_ASSIGNED TASK_
Locate the line bearing "16. plastic barrel (729, 168, 881, 416)" in the material below, then reproduce it and each following line up to and including the line bearing "22. plastic bottle (1643, 193, 1652, 205)".

_SOURCE DATA_
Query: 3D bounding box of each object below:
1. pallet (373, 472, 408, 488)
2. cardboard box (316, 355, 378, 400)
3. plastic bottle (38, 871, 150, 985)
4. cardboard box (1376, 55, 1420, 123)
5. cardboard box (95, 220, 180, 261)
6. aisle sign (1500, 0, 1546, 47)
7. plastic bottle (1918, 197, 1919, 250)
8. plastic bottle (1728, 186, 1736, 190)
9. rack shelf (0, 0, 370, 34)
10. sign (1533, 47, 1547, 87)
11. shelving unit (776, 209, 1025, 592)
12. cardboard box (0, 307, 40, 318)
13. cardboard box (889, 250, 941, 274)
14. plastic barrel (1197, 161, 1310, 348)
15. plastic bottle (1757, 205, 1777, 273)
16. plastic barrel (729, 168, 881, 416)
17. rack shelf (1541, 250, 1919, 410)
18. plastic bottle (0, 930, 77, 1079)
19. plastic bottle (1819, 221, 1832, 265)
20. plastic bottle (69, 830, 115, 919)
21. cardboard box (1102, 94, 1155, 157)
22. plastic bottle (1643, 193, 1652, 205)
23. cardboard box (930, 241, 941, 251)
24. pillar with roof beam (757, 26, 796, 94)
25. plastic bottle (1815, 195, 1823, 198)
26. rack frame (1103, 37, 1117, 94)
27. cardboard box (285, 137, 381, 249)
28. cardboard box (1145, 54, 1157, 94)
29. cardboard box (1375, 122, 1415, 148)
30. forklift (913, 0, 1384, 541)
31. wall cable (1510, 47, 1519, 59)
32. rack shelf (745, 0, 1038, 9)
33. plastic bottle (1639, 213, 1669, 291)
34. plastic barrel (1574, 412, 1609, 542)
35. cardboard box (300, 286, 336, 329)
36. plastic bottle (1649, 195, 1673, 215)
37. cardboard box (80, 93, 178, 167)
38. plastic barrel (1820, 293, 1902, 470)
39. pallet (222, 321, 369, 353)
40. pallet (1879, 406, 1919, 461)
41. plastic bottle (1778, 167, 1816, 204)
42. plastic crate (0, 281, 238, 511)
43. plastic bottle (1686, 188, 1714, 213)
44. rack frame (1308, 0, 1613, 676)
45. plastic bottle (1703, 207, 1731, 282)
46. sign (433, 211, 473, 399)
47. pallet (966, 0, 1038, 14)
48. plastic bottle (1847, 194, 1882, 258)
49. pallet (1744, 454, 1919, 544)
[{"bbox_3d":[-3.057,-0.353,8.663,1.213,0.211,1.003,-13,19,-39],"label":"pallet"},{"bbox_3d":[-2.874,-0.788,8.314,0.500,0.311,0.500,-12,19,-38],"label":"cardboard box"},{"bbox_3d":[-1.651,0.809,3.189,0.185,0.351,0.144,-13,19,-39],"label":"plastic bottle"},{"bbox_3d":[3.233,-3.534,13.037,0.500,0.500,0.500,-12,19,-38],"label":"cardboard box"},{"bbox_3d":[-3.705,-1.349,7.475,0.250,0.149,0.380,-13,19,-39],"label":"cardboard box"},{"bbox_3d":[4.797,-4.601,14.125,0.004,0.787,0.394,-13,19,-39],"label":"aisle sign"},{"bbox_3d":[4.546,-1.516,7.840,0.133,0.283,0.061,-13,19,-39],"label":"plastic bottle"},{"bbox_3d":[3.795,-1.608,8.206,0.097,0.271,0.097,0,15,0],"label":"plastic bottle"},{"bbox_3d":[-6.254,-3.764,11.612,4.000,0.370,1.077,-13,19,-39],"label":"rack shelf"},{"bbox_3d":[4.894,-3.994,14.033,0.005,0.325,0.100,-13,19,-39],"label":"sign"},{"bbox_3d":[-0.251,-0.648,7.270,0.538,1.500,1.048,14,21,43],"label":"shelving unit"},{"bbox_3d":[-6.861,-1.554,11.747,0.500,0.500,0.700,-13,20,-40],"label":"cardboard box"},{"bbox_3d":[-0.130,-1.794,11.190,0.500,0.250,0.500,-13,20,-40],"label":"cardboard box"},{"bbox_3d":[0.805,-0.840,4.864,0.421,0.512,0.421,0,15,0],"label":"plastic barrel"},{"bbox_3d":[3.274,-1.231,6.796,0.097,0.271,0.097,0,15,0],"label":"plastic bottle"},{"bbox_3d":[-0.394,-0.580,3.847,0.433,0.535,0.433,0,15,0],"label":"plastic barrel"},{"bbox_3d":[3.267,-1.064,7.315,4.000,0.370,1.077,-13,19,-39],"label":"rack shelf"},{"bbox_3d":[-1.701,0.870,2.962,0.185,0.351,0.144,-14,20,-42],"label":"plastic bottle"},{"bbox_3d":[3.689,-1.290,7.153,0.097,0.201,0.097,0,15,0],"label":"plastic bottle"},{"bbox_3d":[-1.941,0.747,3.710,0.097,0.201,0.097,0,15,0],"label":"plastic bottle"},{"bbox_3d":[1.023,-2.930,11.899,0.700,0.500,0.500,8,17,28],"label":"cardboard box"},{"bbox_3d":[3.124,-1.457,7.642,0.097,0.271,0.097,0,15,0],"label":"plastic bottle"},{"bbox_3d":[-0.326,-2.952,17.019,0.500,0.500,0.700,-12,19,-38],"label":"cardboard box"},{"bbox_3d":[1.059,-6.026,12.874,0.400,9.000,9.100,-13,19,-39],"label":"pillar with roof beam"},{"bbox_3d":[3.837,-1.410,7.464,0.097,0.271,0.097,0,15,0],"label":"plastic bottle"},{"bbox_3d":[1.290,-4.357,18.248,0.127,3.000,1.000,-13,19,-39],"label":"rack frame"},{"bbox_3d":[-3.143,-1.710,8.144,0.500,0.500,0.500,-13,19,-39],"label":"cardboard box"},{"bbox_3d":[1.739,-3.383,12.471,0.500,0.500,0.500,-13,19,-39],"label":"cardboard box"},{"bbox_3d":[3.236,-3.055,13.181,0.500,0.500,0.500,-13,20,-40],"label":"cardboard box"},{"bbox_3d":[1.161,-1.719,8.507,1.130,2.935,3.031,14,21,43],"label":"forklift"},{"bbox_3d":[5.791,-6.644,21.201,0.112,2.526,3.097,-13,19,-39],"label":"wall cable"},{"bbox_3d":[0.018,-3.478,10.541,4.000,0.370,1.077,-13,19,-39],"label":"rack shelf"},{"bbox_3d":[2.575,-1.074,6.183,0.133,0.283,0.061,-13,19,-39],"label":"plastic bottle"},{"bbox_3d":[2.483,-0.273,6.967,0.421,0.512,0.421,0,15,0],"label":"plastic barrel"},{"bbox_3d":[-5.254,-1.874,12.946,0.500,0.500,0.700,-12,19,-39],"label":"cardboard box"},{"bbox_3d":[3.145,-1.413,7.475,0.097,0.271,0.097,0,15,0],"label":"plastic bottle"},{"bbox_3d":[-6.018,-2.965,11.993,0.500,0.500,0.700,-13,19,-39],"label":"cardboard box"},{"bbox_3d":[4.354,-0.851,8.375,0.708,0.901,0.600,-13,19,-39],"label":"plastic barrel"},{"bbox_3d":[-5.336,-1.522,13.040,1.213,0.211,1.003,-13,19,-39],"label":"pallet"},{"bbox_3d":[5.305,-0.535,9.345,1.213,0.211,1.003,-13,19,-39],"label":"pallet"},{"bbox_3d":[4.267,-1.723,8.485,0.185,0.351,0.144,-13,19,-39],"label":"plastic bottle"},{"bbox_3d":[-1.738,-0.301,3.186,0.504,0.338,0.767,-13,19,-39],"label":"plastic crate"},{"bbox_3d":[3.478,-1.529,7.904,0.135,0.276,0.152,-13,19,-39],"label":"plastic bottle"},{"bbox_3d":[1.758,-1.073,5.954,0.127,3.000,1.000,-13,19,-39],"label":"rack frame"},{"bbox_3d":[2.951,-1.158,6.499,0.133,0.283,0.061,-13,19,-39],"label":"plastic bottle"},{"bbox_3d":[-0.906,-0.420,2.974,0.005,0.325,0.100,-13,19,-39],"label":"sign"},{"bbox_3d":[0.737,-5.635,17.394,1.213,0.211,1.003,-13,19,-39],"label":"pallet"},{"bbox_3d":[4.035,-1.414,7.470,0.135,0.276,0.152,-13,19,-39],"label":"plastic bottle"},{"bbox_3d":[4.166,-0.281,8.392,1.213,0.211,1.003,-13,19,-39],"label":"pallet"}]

_OUTPUT OF THE EXERCISE_
16. plastic barrel (729, 168, 881, 416)
17. rack shelf (1541, 250, 1919, 410)
18. plastic bottle (0, 930, 77, 1079)
19. plastic bottle (1819, 221, 1832, 265)
20. plastic bottle (69, 830, 115, 919)
21. cardboard box (1102, 94, 1155, 157)
22. plastic bottle (1643, 193, 1652, 205)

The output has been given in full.